#### EXERCISE DETAILS:
From the first line to the last, reproduce the records below exactly, omitting any picture.

#### AVAILABLE DATA:
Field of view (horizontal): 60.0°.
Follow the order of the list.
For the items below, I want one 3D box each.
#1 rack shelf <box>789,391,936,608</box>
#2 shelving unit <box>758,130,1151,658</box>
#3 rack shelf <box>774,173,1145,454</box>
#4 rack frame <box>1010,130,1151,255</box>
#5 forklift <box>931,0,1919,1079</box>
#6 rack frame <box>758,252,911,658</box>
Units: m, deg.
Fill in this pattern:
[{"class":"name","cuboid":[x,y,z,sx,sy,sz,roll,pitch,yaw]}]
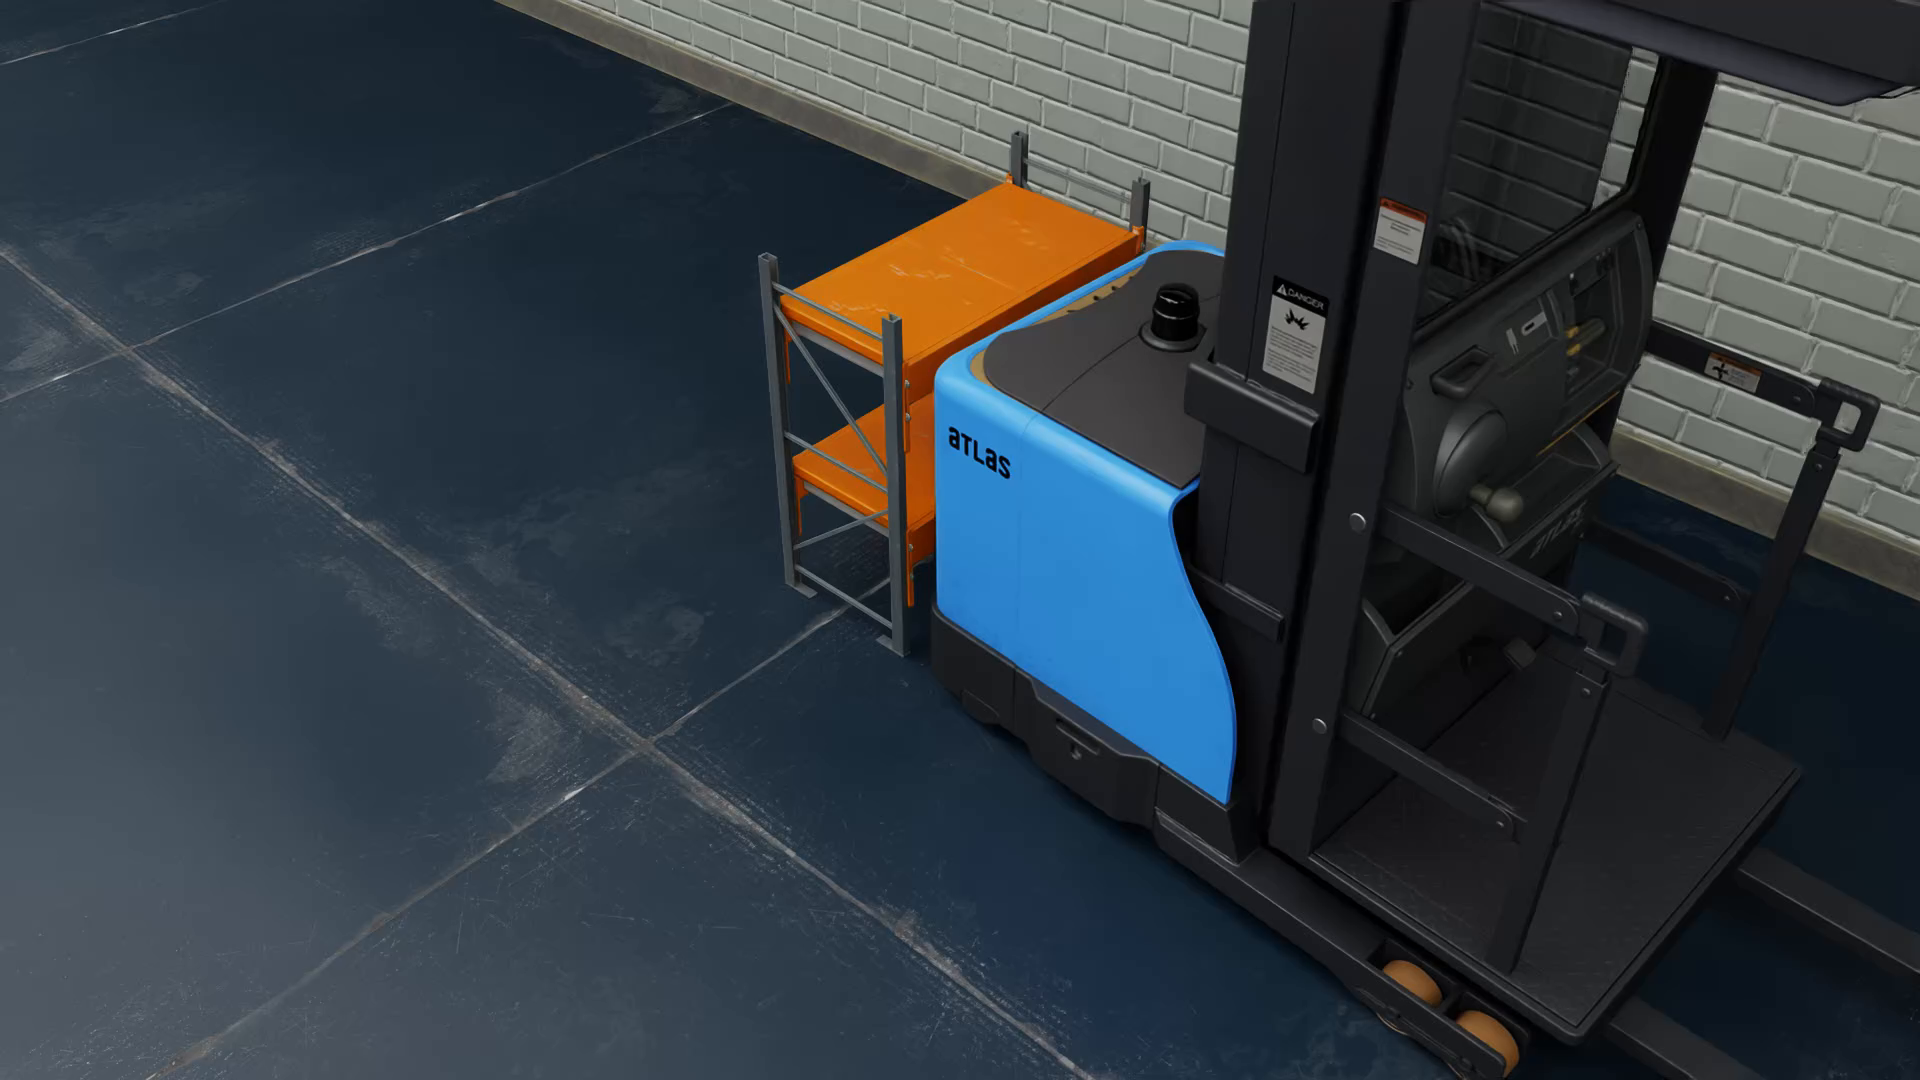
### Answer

#### SOLUTION:
Field of view (horizontal): 60.0°.
Follow the order of the list.
For the items below, I want one 3D box each.
#1 rack shelf <box>789,391,936,608</box>
#2 shelving unit <box>758,130,1151,658</box>
#3 rack shelf <box>774,173,1145,454</box>
#4 rack frame <box>1010,130,1151,255</box>
#5 forklift <box>931,0,1919,1079</box>
#6 rack frame <box>758,252,911,658</box>
Units: m, deg.
Fill in this pattern:
[{"class":"name","cuboid":[x,y,z,sx,sy,sz,roll,pitch,yaw]}]
### Answer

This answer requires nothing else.